[llvm-dev] Regarding ScalarEvolution's loop backedge computation

Sanjoy Das via llvm-dev llvm-dev at lists.llvm.org
Wed Jun 29 17:01:40 PDT 2016


Hi Pankaj,

Chawla, Pankaj via llvm-dev wrote:
 > It looks like ScalarEvolution bails out of loop backedge computation if
 > it cannot prove the IV stride as either positive or negative (based on
 > loop control condition).
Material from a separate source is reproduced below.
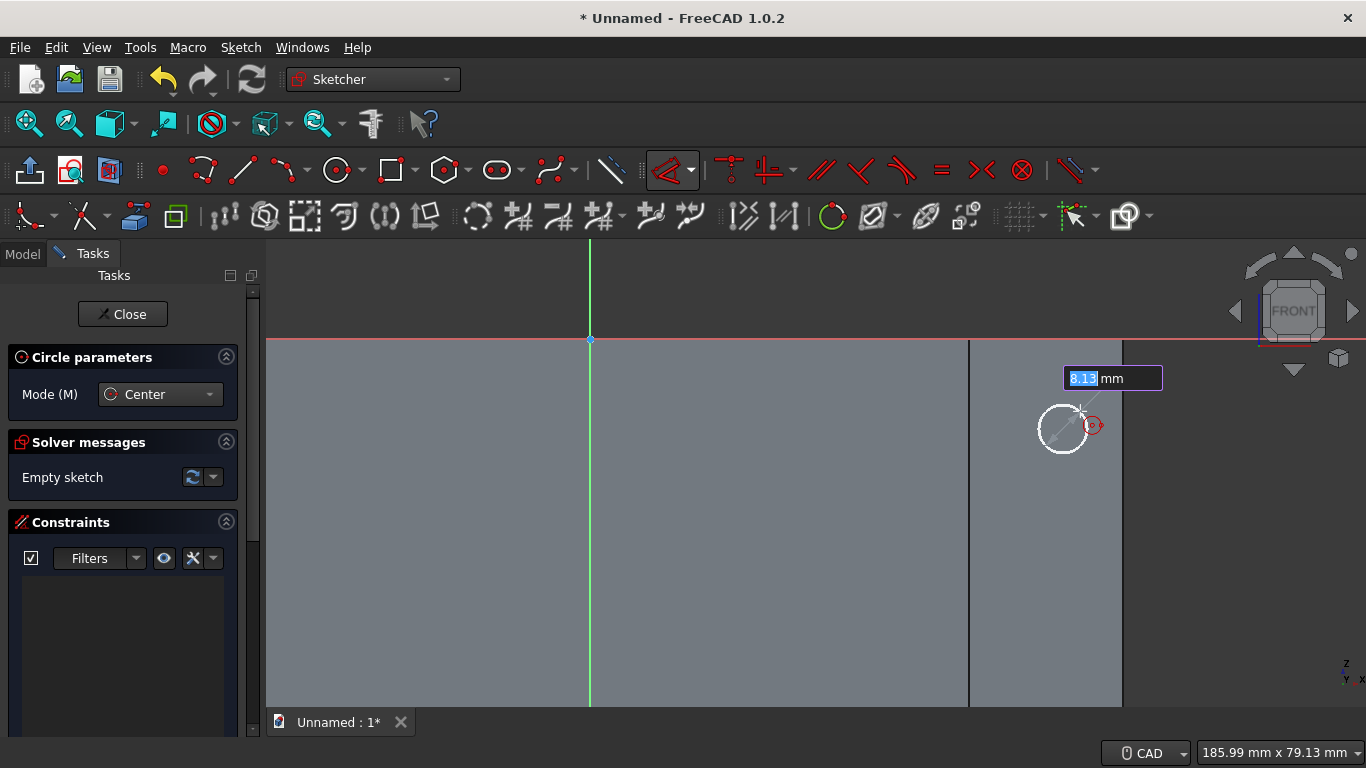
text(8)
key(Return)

I think this logic can be refined for signed 
IVs.
 >
 > Consider this simple loop-
 >
 > void foo(int *A, int n, int s) {
 >
 > int i;
 >
 > for(i=0; i<n; i += s) {
 >
 > A[i]++;
 >
 > }
 >
 > }
 >
 > The IV of this loop has this SCEV form-
 >
 > {0,+,%s}<nsw><%for.body>

This looks valid -- we already do things like this for

for (i = A; i != B; i += 5)
   ...

and compute the backedge taken count as "(B - A) / 5" (roughly :) )
since if (B - A) is not divisible by 5 then we have UB due to
overflow.  We just have to be careful around cases like:

   for(i = 0; i < 60; i += s) {
     may_exit();
   }

"s" can be (say) -3 and the loop can take 160 backedges and then
"exit(0)", avoiding the undefined behavior due to underflow.  "s" can
also be zero, in which case the loop can potentially take an infinite
number of backedges.

However, in the example you gave (written in LLVM's canonical rotated
form):

   if (0 < N) {
     i = 0;
     do {
       a[i]++;
       i += s; // NSW add
     } while (i < N);
   }

For any s <= 0 we have undefined behavior, so it is sound to assume s
 > 0.

Do you want to take a crack at fixing this?  I'm traveling till the
10th of July, but I can review your change once I'm back.